El príncipe y el alquimista.

Capítulo 5

El salón del castillo brillaba con cientos de lámparas de aceite suspendidas en lo alto, creando reflejos dorados sobre los rostros maquillados de nobles, embajadores y príncipes.

El mármol parecía más pulido que nunca, y las cuerdas del cuarteto de violines daban vueltas en el aire como mariposas elegantes. La plaga aún latía como una herida debajo del mármol reluciente y los faroles de cristal, pero esa noche, la música, el vino y las risas cubrirían el miedo como una capa de terciopelo.

Todo era parte del plan meticuloso de la reina Sibylla para calmar las tensiones tras las semanas de rumores sobre el príncipe Kai.

Un baile siempre servía para distraer a los poderosos y dar esperanza al pueblo.

Kai descendía la escalinata del salón con su hermana del brazo, ambos vestidos como si fueran a conquistar reinos con solo una mirada.

—Y dime, Kai —dijo su hermana mientras se acomodaba los pendientes—, ¿qué harás si madre intenta emparejarte otra vez?

—¿Otra vez? —Kai rió con esa teatralidad que convertía una carcajada en espectáculo—. Le daré lo que quiere... solo que, en lugar de una princesa, encontraré un pretendiente más rico, más guapo y más poderoso que yo.

—Eso es imposible —gruñó ella, golpeándole el brazo—. Romperías los corazones de medio salón.

—Sí, lo sé —Kai no pudo sonar más afligido.

—¿Sabes lo que me hace falta esta noche? —comentó ella mientras saludaban con una reverencia elegante a un par de duques—. Un pretendiente más rico que tú. Más guapo también. Tal vez con una flota de barcos de guerra.

—¿Y un castillo volador? —se burló Kai, ganándose un pellizco sutil pero mortal de parte de la princesa, que tuvo que disimular con sonrisas falsas.

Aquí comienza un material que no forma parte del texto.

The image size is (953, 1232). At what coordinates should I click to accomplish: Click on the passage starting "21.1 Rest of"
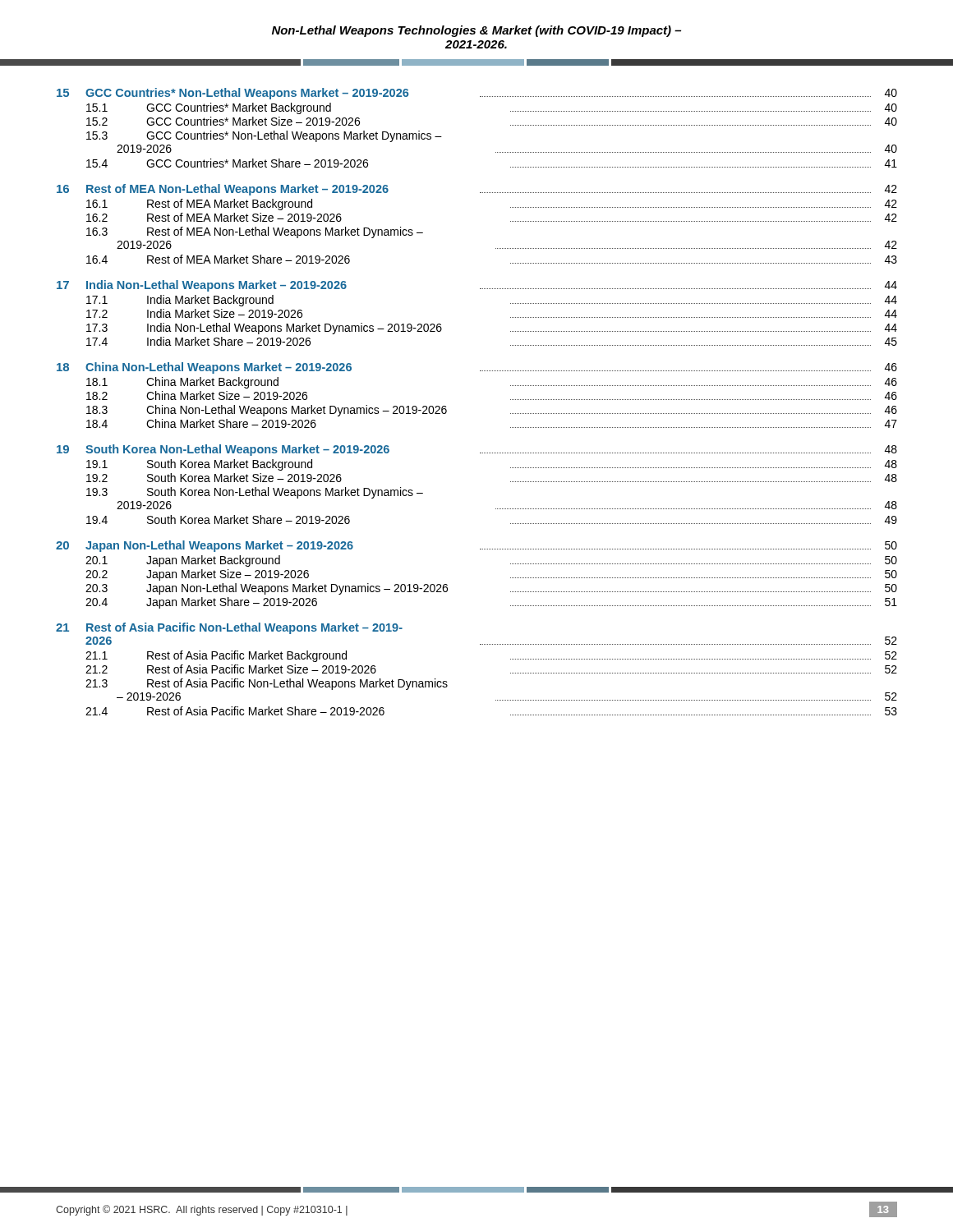click(x=476, y=655)

Pero su sonrisa se desvaneció lentamente cuando los ojos de su pequeña hermana se detuvieron en un hombre cerca del banquete. Piel morena, mandíbula firme, uniforme impecable con una capa azul oscuro y una expresión que parecía tallada en piedra.

Kai sonrió, como un gato que acaba de ver moverse una cortina.

—Creo que lo reconozco... —canturreó con diversión—. Me hubiera gustado para ti un futuro heredero de un reino, mínimo un lord... pero el jefe de la guardia de la Isla de Plata no está nada mal.

—No digas estupideces. Esa unión no traería nada bueno al reino.

—Ay, hermanita, lo único bueno que tiene este reino... soy yo.

Ella rodó los ojos como si fuera una coreografía ya ensayada mil veces. Kai alzó su copa de vino, y entonces lo vio. Desde el balcón, escondido tras las cortinas y las lentes gruesas que no lograban ocultar su inquietud, estaba Archie. Lo miraba como si lo estuviera descifrando. Y temiera lo que estaba descubriendo.

Justo entonces, Sibylla se acercó, tan serena como siempre, con un vestido de tonos dorados y una sonrisa que ocultaba más de lo que mostraba.

—Kai, querido —dijo con esa voz suave que parecía no tener urgencia ni prisa—, la princesa Amara de Vaselín está encantada de conocerte. ¿Bailarías con ella?

La extranjera era bella, vestida con un tono lavanda que hacía juego con sus ojos claros. Kai sonrió, extendió la mano y ambos se deslizaron a la pista.

Mientras giraban entre la multitud, Kai la escuchaba hablar sobre su pasión por los caballos, los mapas y las constelaciones. La princesa Amara era encantadora, hablaba cinco idiomas y reía con gracia. Todo era adecuado. Todo era perfecto. Todo era... aburrido.

Porque sus ojos no dejaban de subir hacia el balcón.

Allí seguía Archie. En las sombras. Viendo. Fingiendo que no miraba.

Más tarde, los pasillos del ala norte estaban medio oscuros. Las antorchas proyectaban sombras largas en las paredes de piedra. Kai se detuvo al girar una esquina, sintiendo una presencia conocida.

Archie estaba allí, de espaldas, como si intentara decidir si seguir caminando o escapar.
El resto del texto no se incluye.